Shares of Accenture (ACN -1.18%), which provides business and technology strategies to companies, jumped this morning after the company reported better-than-expected results for the fiscal first quarter of 2025.

The company beat top- and bottom-line consensus estimates, spurring Accenture's management to raise the company's full-year revenue guidance. That sent the company's share price up 6.6% as of 11:46 am ET.

An impressive quarter

Accenture's revenue increased 9% in the first quarter (ending Nov. 30) to $17.7 billion, which was enough to beat Wall Street's consensus estimate of $17.1 billion. The company's generally accepted accounting principles (GAAP) earnings of $3.59 also easily outpaced analysts' consensus estimate of $3.42 in the quarter.

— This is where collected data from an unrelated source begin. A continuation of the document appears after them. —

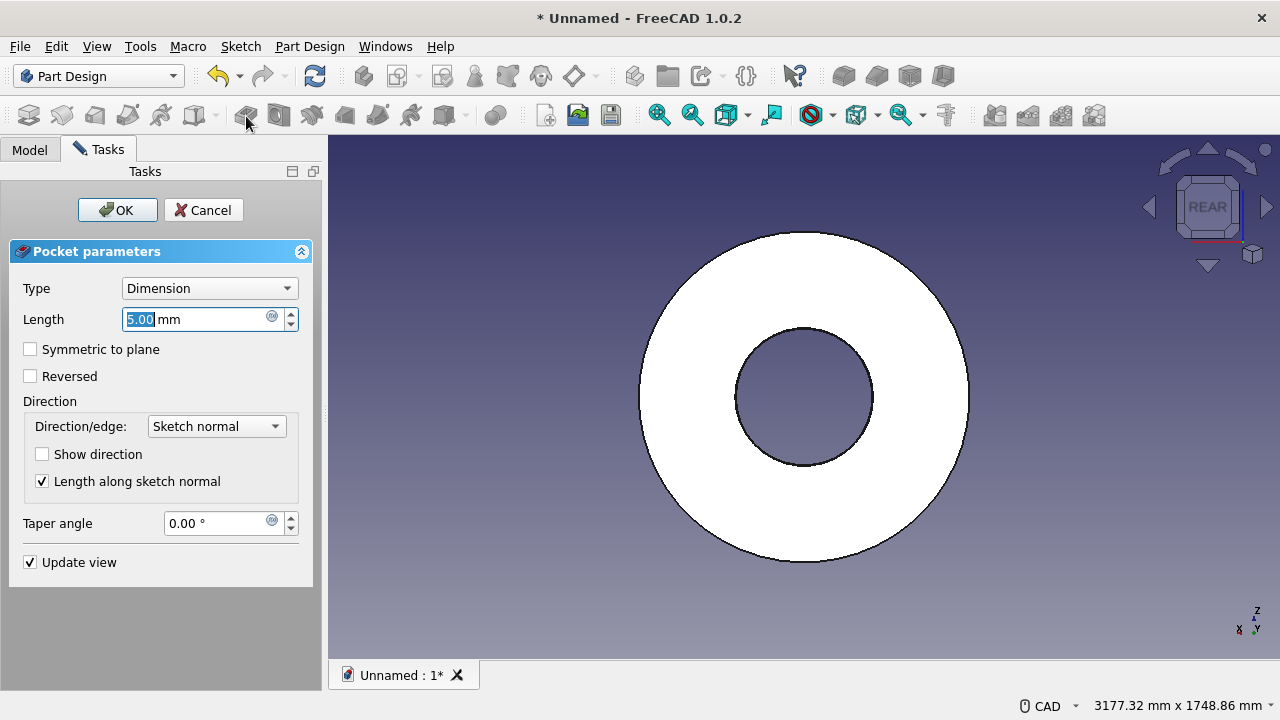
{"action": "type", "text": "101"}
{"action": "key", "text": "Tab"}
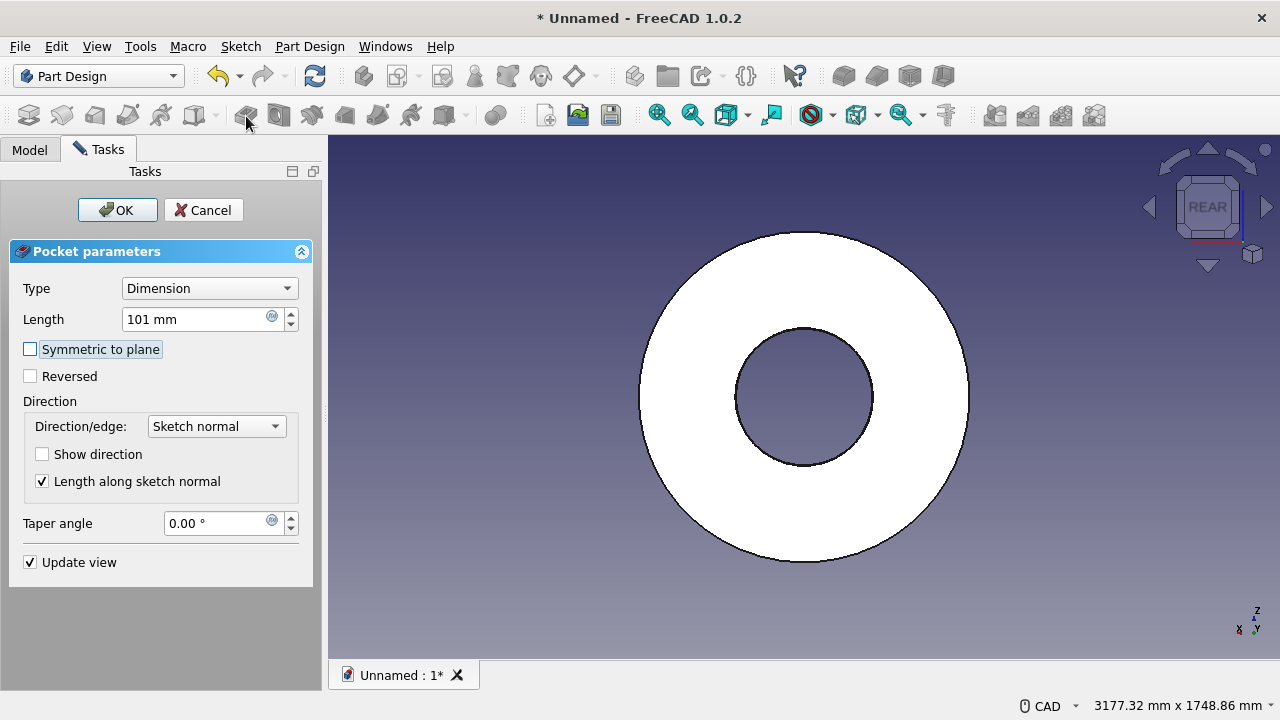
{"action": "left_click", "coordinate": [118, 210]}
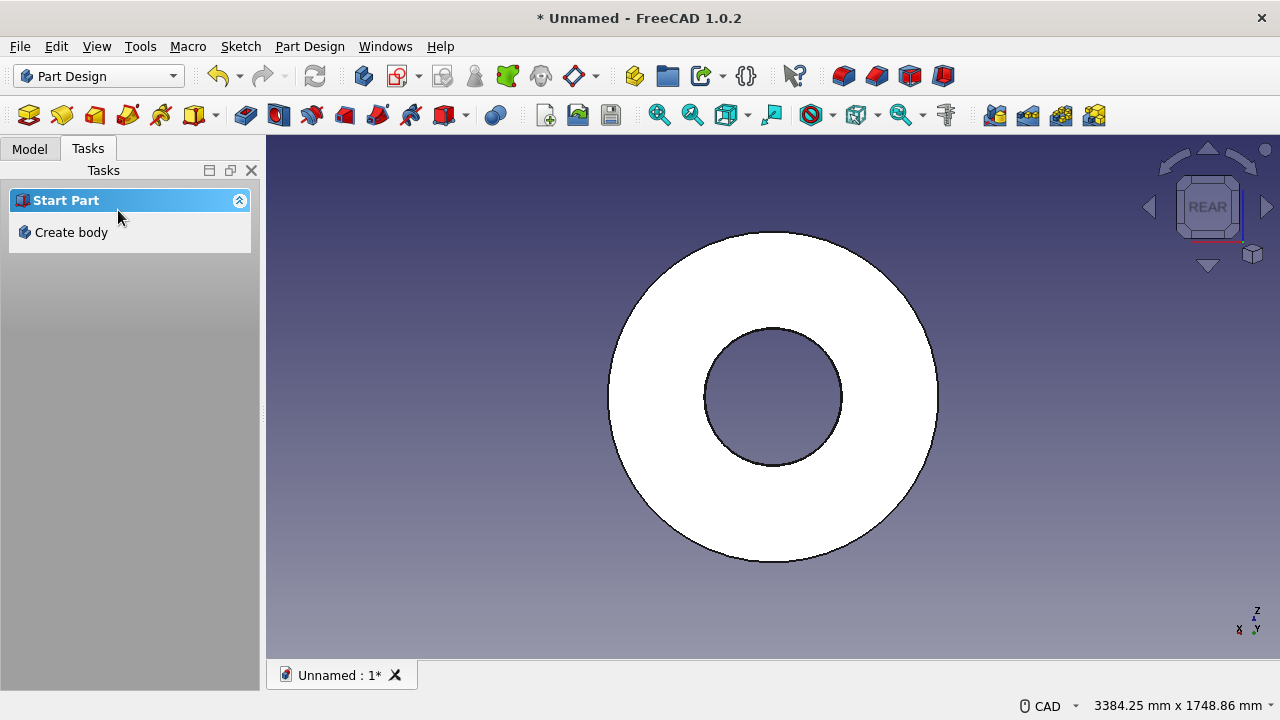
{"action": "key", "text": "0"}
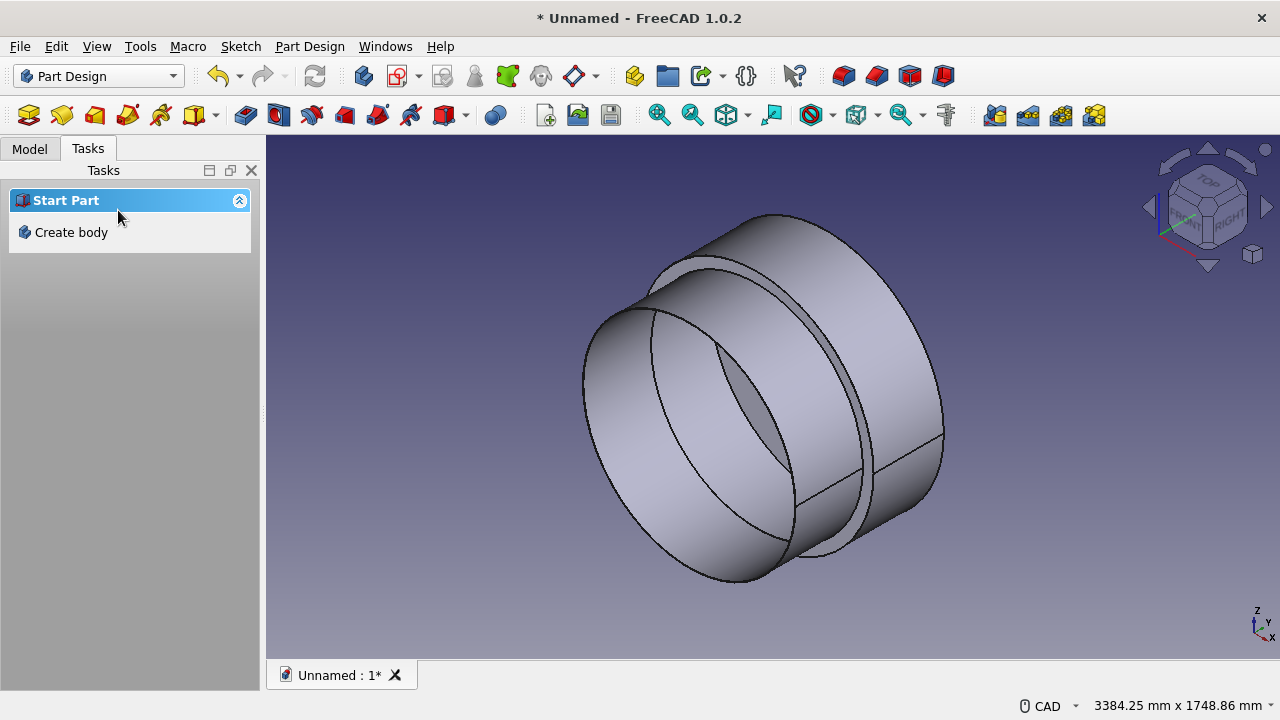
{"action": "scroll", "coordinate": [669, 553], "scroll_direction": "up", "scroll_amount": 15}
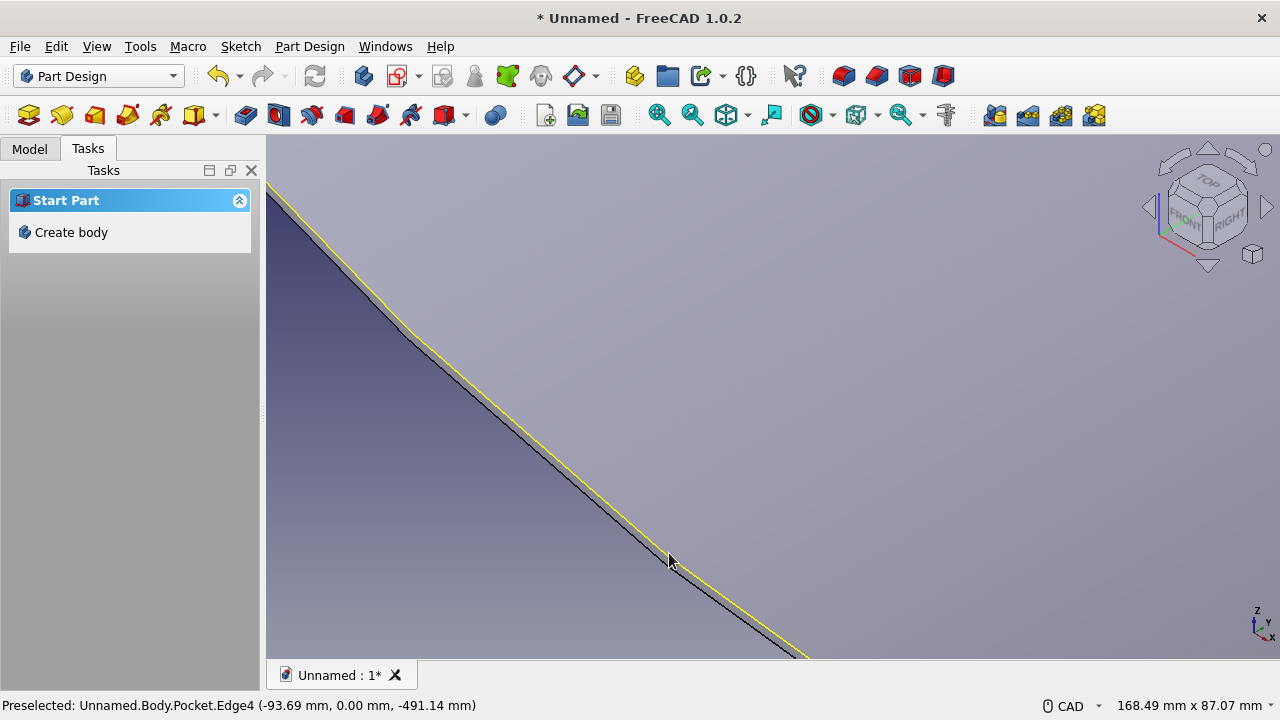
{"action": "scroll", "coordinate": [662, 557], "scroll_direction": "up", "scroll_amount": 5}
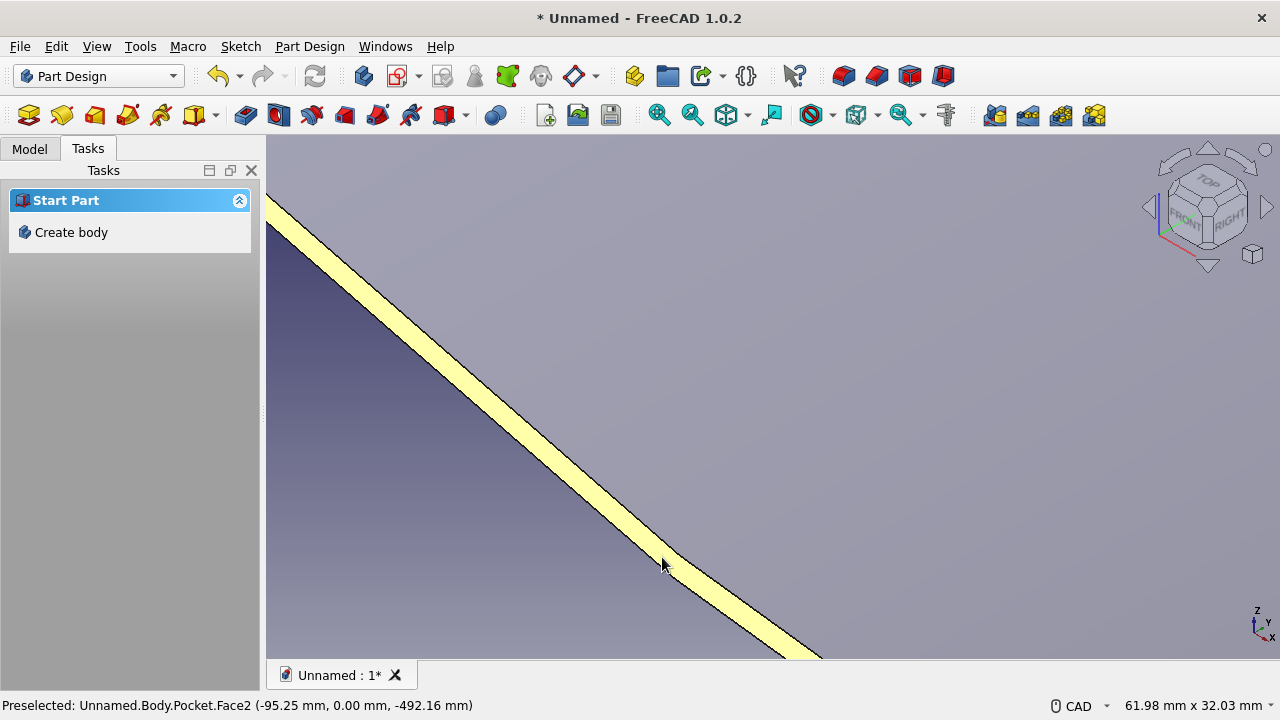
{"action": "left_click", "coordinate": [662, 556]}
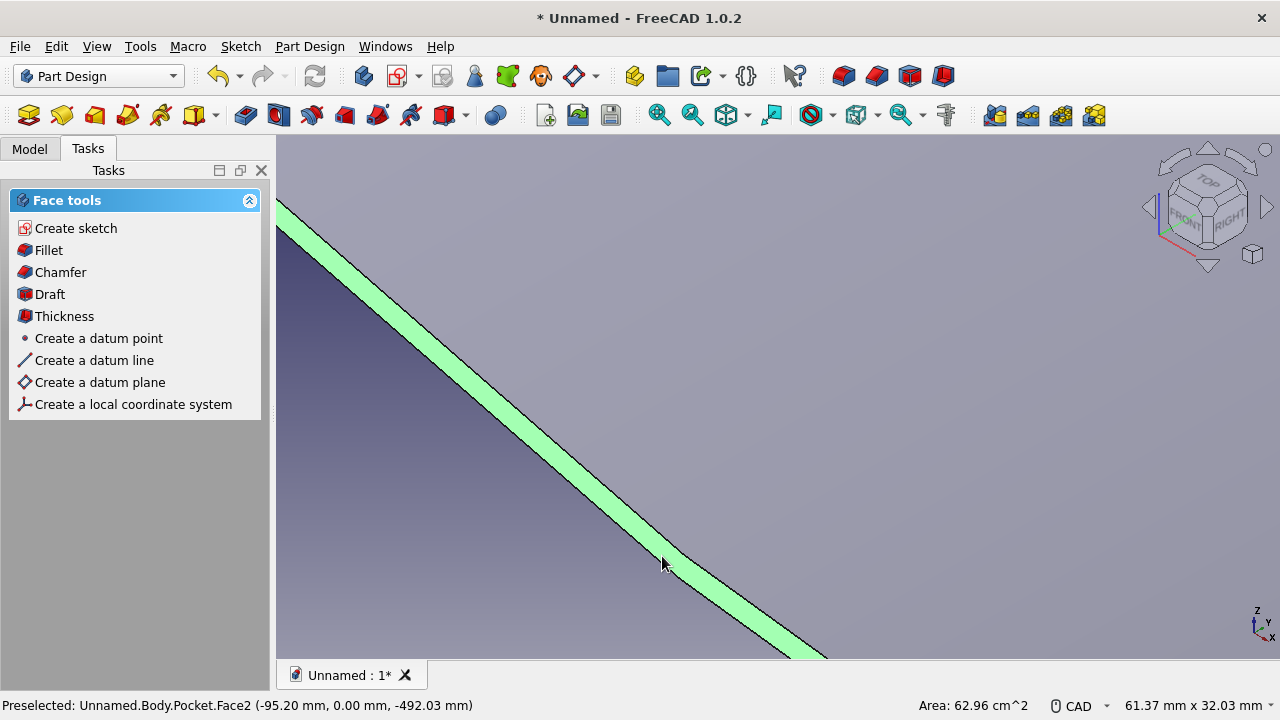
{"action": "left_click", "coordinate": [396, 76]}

Accenture CEO Julie Sweet said in a press release, "We delivered broad-based revenue growth across both consulting and managed services, and across each market and industry group, gaining market share."

Two important figures from the quarter were the company's new bookings reaching $18.7 billion, including 30 client bookings of more than $100 million, and the company's $1.2 billion in generative artificial intelligence (AI) bookings. Investors have been keeping a close eye on the Accenture's expanding AI services, which can help companies with things like analytics, chatbots, and customer support.

A rosy outlook

Accenture raised its full-year 2025 revenue outlook following its strong quarterly results, with management estimating revenue growth to be in the range of 4% to 7%, up from its previous estimated range of 3% to 6%.

With growth in the company's AI bookings, top- and bottom-line results ahead of estimates, and the company raising its revenue outlook for the year, it's no surprise to see Accenture's stock gaining ground this morning.

Accenture's shares have a forward price-to-earnings ratio of 27.2 right now, which is slightly more expensive than the S&P 500's forward P/E ratio of 24.1. But the company's latest quarterly results indicate that Accenture's stock could have more room to run as the company continues to grow its AI enterprise services.